Guadalupe: Alguma de vocês já tentou fugir? — Essa é a única pergunta que ecoa na minha mente.
: Óbvio! Algumas morreram por tentar. Éramos vinte fora vocês duas — outra voz se manifesta, vinda de um canto mais escuro. A dona era uma mulher de pele negra e cabelos lisos e negros, com uma aura quase indígena. — Três eles mataram por tentar fugir. Uma delas, eles fizeram questão que nós víssemos, para que não tentássemos também. — Meu Deus, que horror. — Duas se mataram, uma conseguiu fugir, mas nenhuma de nós sabe se ainda está viva. E duas eles venderam.
Guadalupe: Venderam?
: Sim! Às vezes, alguns traficantes, chefes de máfia, acabam comprando para nos fazer de suas mulheres — a moça que parecia indígena falou novamente.
: Às vezes pode ser o melhor caminho. Se você der sorte, eles serão maridos bons — uma outra, que ainda não tinha se pronunciado, disse enquanto prendia o cabelo, oferecendo-me um sorriso sem mostrar os dentes.

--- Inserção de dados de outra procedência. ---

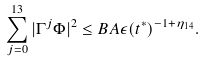Convert formula to latex. <formula><loc_0><loc_0><loc_500><loc_500>\sum _ { j = 0 } ^ { 1 3 } | \Gamma ^ { j } \Phi | ^ { 2 } \leq B A \epsilon ( t ^ { * } ) ^ { - 1 + \eta _ { 1 4 } } .</formula>

Carmen: Essa aqui é Anninka — ela começa a nos apresentar as meninas. Essa era bem bonita, parecia ter a minha idade e era extremamente calada. Estava encolhida em um canto, com uma expressão constante de medo. — Ela está conosco há cinco meses e é polonesa, tem dezenove anos. Anninka ainda não conseguiu se acostumar com tudo isso — diz, e eu observo aquela figura pequena, encolhida e visivelmente traumatizada. — Essa aqui — ela aponta para a mulher que me tratou mal e foi tão indelicada — é Adina, canadense, e foi a terceira a chegar aqui, tem vinte e quatro anos. Eu fui a primeira, e outras duas vieram depois, foram as que morreram tentando fugir. — O olhar de Carmen se turva naquele instante, carregado de mágoa e profunda tristeza.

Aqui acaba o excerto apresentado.